Professor
cameronk@umich.edu

Investigating Organizational Virtuousness, Abundance, and Performance
1. Organizational virtuousness and performance
This study examines the relationships between virtuousness in and by organizations and organization outcomes such as productivity, profitability, quality, innovation, customer satisfaction, and employee loyalty. The extent to which organizations foster virtuousness—including compassion, forgiveness, gratitude, humility, integrity—in their practices and cultures have been found to positively affect effective performance. This work has been conducted with David Bright and Arran Caza and published in American Behavioral Scientist, Journal of Business Ethics, and the Journal of Leadership and Organizational Studies. It also appears in the book Positive Leadership (San Francisco: Berrett Koehler).
2. Making the impossible possible
This study explains how an organization achieved a level of performance that most knowledgeable observers considered to be impossible. It is the study of the clean-up and closure of the Rocky Flats Nuclear Arsenal. Whereas the U.S. Department of Energy’s study budgeted $36 billion and estimated that the clean-up would take more than 70 years, the entire job was completed 60 years early, $30 billion under budget, and 13 times cleaner than required. This study explains the leadership principles that made this level of extraordinary performance possible. The results are produced in a book, Making the Impossible Possible: Leading Positive Change – The Rocky Flats Story (San Francisco: Berrett Koehler).
3. Organizational resilience and healing
The focus of this study is trying to understand the positive dynamics that lead to organizational healing after a crisis and the development of resiliency amidst outside pressures.
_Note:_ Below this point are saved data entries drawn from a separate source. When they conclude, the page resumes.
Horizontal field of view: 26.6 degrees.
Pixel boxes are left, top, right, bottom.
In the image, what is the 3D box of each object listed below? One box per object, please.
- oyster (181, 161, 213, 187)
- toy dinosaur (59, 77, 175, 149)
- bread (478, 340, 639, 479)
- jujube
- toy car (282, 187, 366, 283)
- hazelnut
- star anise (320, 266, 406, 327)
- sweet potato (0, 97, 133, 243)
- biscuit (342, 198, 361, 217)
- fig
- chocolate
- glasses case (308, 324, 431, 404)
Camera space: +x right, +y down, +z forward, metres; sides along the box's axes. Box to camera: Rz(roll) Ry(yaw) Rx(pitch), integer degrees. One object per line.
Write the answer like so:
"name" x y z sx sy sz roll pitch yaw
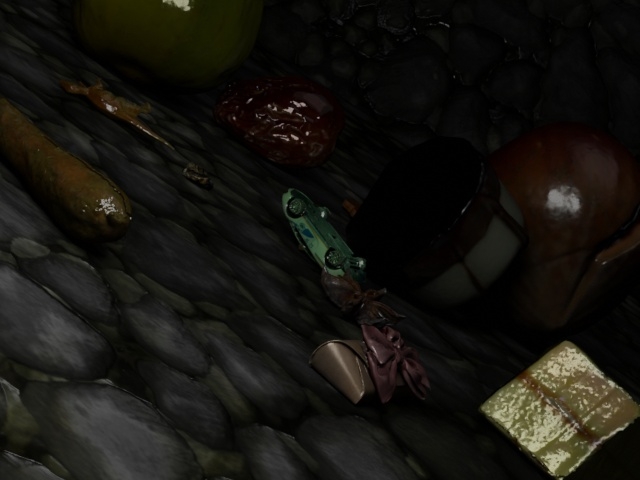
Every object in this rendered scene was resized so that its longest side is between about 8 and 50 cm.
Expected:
"oyster" -0.179 -0.097 2.018 0.054 0.019 0.083 33 12 -6
"toy dinosaur" -0.305 -0.191 2.030 0.162 0.039 0.126 46 26 27
"bread" 0.345 0.292 1.862 0.167 0.163 0.264 43 -16 40
"jujube" -0.075 -0.221 2.458 0.236 0.168 0.168 17 13 0
"toy car" 0.000 0.000 2.028 0.186 0.058 0.093 53 19 24
"hazelnut" 0.422 -0.006 2.377 0.359 0.359 0.409 36 -26 7
"star anise" 0.051 0.083 1.876 0.141 0.042 0.141 32 16 -10
"sweet potato" -0.299 -0.077 1.518 0.273 0.075 0.075 40 13 35
"biscuit" 0.092 -0.031 2.473 0.102 0.019 0.130 25 15 -40
"fig" -0.250 -0.427 2.334 0.343 0.343 0.343 33 12 -8
"chocolate" 0.201 -0.007 2.186 0.186 0.283 0.283 45 5 -32
"glasses case" 0.078 0.151 1.624 0.102 0.070 0.193 41 14 22
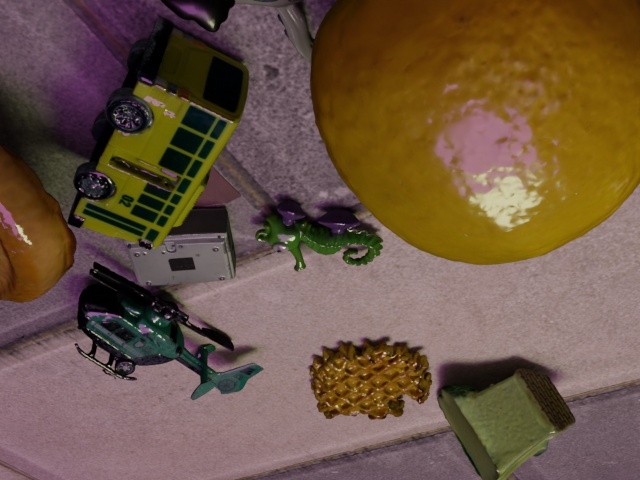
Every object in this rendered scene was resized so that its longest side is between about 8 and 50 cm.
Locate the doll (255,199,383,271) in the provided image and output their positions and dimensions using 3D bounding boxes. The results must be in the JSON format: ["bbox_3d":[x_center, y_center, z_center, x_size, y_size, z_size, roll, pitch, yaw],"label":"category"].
[{"bbox_3d":[0.000,0.000,1.077,0.190,0.050,0.115,6,134,-9],"label":"doll"}]

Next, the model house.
[{"bbox_3d":[0.348,0.330,1.377,0.189,0.195,0.214,-26,152,-6],"label":"model house"}]

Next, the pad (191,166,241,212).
[{"bbox_3d":[-0.220,-0.060,1.046,0.188,0.006,0.113,-24,131,23],"label":"pad"}]

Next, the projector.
[{"bbox_3d":[-0.203,0.014,1.078,0.147,0.061,0.115,-4,139,-1],"label":"projector"}]

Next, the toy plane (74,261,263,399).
[{"bbox_3d":[-0.271,0.167,1.237,0.155,0.106,0.382,-35,123,19],"label":"toy plane"}]

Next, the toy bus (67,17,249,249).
[{"bbox_3d":[-0.199,-0.113,0.891,0.150,0.128,0.262,23,132,-20],"label":"toy bus"}]

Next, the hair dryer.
[{"bbox_3d":[-0.067,-0.245,0.819,0.167,0.067,0.199,6,153,8],"label":"hair dryer"}]

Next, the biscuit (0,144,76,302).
[{"bbox_3d":[-0.449,-0.038,0.924,0.296,0.102,0.296,20,139,18],"label":"biscuit"}]

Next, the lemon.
[{"bbox_3d":[0.156,-0.144,0.711,0.348,0.348,0.348,1,138,1],"label":"lemon"}]

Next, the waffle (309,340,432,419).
[{"bbox_3d":[0.092,0.263,1.370,0.229,0.051,0.231,-2,137,7],"label":"waffle"}]

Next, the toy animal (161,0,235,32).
[{"bbox_3d":[-0.121,-0.320,0.700,0.180,0.116,0.218,25,118,23],"label":"toy animal"}]

One study investigated how a university healed after experiencing a shooting and hostage crisis by an intruder into a university building. Another study investigated the U.S. airline industry after the September 11th, 2001 tragedies. This work appears in the Journal of Applied Behavior Science, the Journal of Management, Spirituality, and Religion, and in the book, the Virtuous Organization (London: World Scientifi).
4. Developing management and leadership skills
An on-going project—appearing in the book Developing Management Skills (Upper Saddle River, NJ: Prentice Hall)—with David Whetten investigates the relationship between certain key management skills and the success of individual leaders. A learning model has been developed to help change leadership and managerial behavior in the classroom, and issues such as evaluation, effective pedagogy, and leadership principles constitute an on-going interest.
5. The Competing Values Framework
Research based on the Competing Values Framework—contained in Diagnosing and Changing Organizational Culture (San Francisco: Jossey Bass) and Competing Values Leadership (London: Edward Elgar) with Robert Quinn, Jeff DeGraff, and Anjan Thakor—is a long-term and on-going area of interest. An investigation predicting the success or failure of mergers and acquisitions, for example, has been conducted as well as the relationships between certain management skill profiles, organizational culture profiles, and performance.